I’d been listening with one ear, preoccupied as I was with visions of McAuslan roaming the Highland night while I sat powerless to rescue or prevent him, but at the suggestion that my truck would be Exhibit A in a poaching trial I was all attention. So was my aunt, only she seemed amused.

‘Conclusive of what? Only about who was driving the truck, and took it away. But that,’ she reminded him, ‘is Dand’s concern, Jacky. Not yours.’

‘Not mine?’ The Admiral went into his halibut impersonation. ‘But . . . but, goodgoddlemighty, they were using it to poach my stag! They were – ’

‘Were they? What stag? You haven’t even found it yet.’ She rose, holding the decanter. ‘And until you do, you’ll be ill-advised to cry “Poacher!” just because you’ve got a bee in your bonnet about the McLarens. More toddy?’

The Admiral gargled, going puce. ‘A bee? In my bonnet? You know as well as I do they’ve got my stag cached out there – ’
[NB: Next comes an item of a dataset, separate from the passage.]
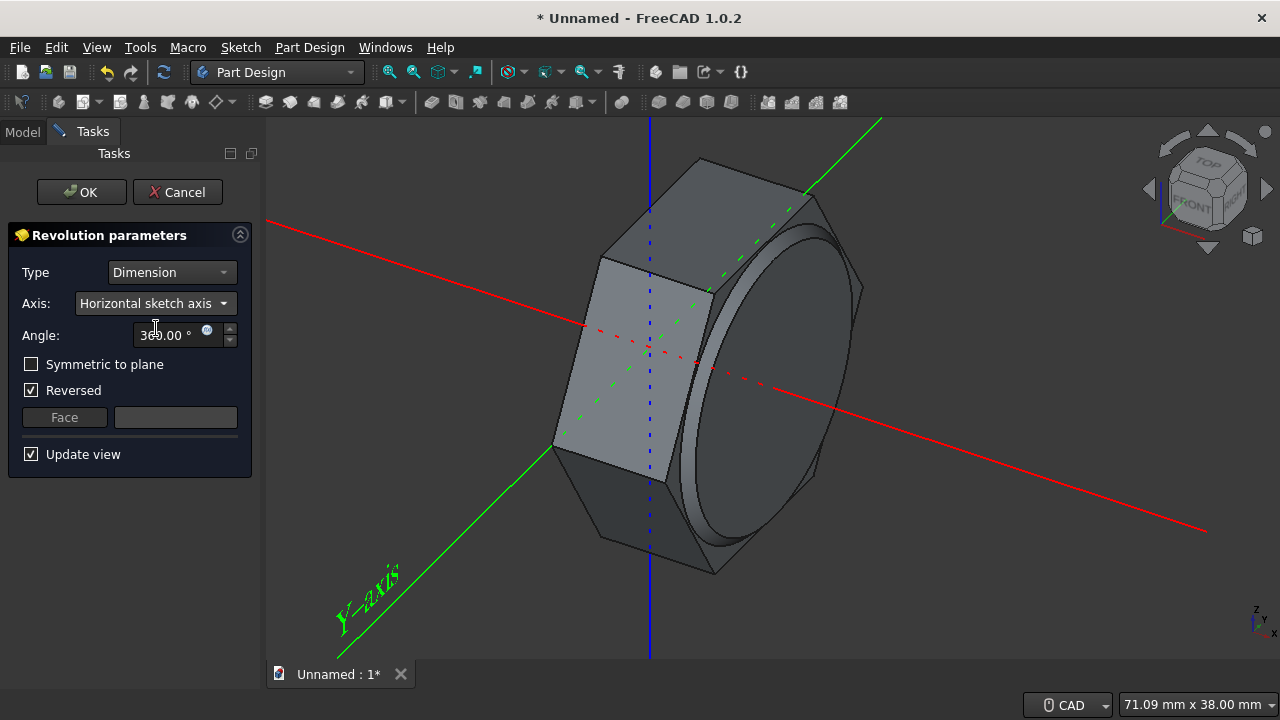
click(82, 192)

‘You’re blethering,’ she said pleasantly, filling his glass. ‘I know no such thing, and neither do you. Fingerprints, indeed! You’ve been seeing too many Thin Man pictures. Well, nobody’s been murdered – ’

‘Alison!’

‘ – and all that’s happened is that Dand’s truck has been taken without his permission – and now he’s got it back . . .’

‘Alison, I – ’

‘. . . And the last thing he wants is a lot of handless bobbies crawling over it with magnifying glasses. Even if every McLaren in Scotland had his pug-marks on it, what could they be charged with except taking it away without the owner’s consent? And I don’t suppose you’ve considered the trouble and embarrassment that would cause my nephew with his superiors? Well . . .’ She gave him her level, blue-eyed look. ’. . . I wouldn’t think much of that, I can tell you.’
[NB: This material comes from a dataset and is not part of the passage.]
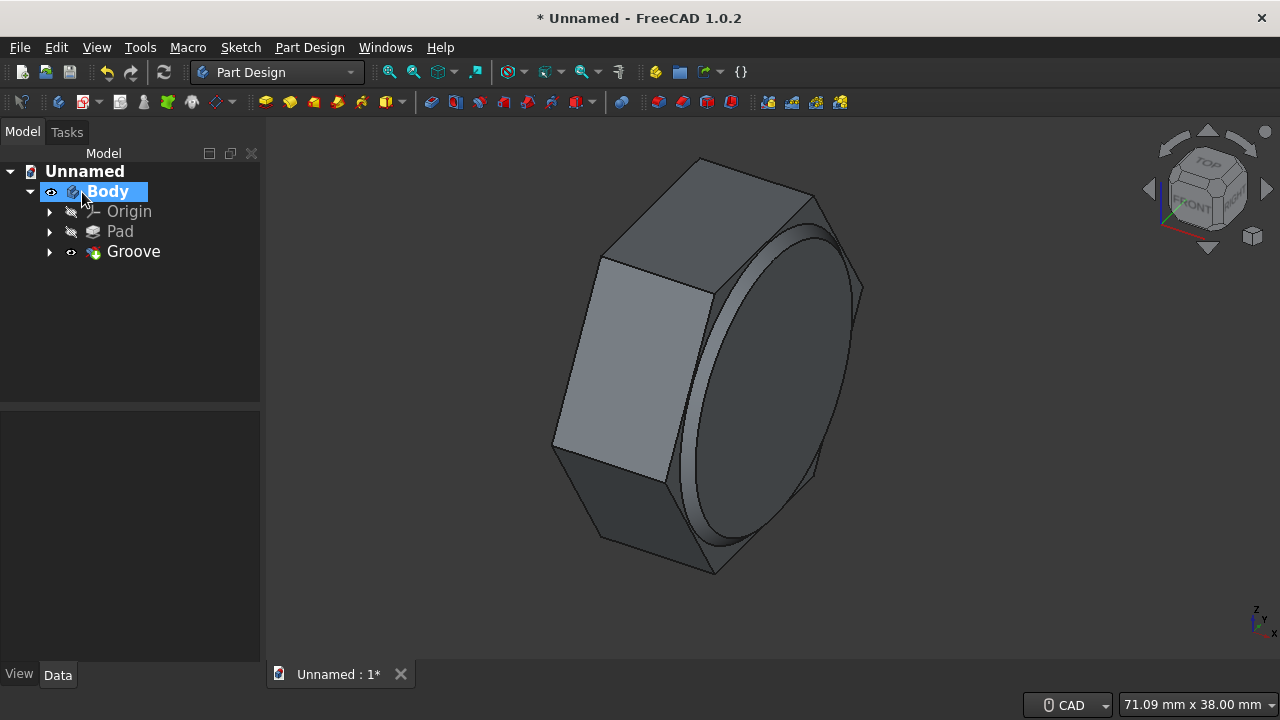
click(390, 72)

She wasn’t alone there: I could think of one Colonel who would hit the roof. And the Admiral, to do him justice, took the point, although it was nothing to him compared to the prospect of incurring her displeasure. That was what took him amidships, and his indignation vanished like May mist; he blinked at her in a distraught, devoted way, and admitted he hadn’t thought about that side of it . . . last thing he’d want to do . . . and no doubt she was right, there was no positive proof . . . yet. But what could he say to the police? If they had reason to believe the truck had been used for criminal purposes, he didn’t quite see how he . . .

‘Och, use your wits, Jacky! Tell them Dand’s satisfied, and doesn’t wish to press matters. Bully them, man, if you have to! Goodness me, the Inspector wants to be a superintendent some day – he’s not going to cross the leading man in the district, is he?’
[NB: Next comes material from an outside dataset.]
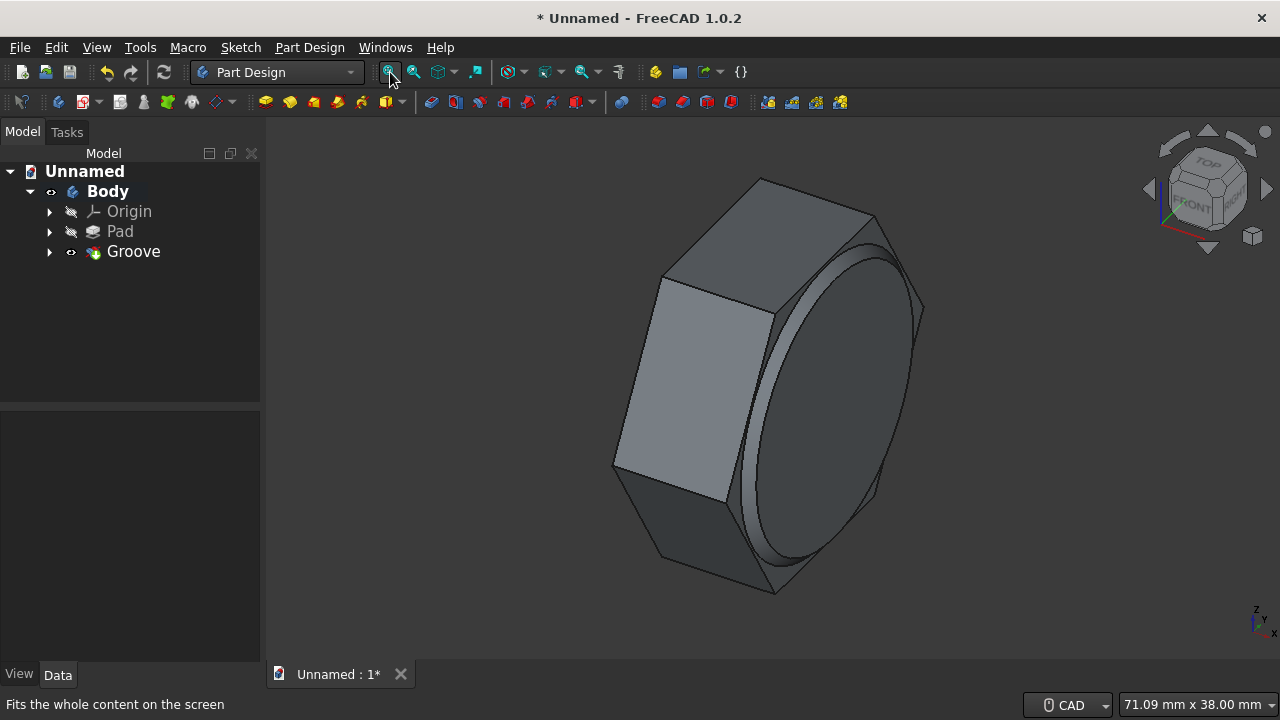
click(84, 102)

The leading man looked doubtful. ‘Well, I suppose . . . if you say so . . . it’ll look a bit odd, though, after all the fuss . . .’

‘Havers!’ laughed Aunt Alison. ‘I can just see McKendrick raising objections. A word from you and he’ll be jumping through hoops and saluting.’ She smiled warmly on him and sweetened the pill still further. ‘You can come and tell me about it at dinner, and we’ll talk it all over, the two of us.’

The Admiral cheered up considerably at this, and when he took his leave after a final toddy it was with expressions of good will all round. As the door closed Aunt Alison gave a long, delicate sigh and subsided into her chair, reaching for a cigarette.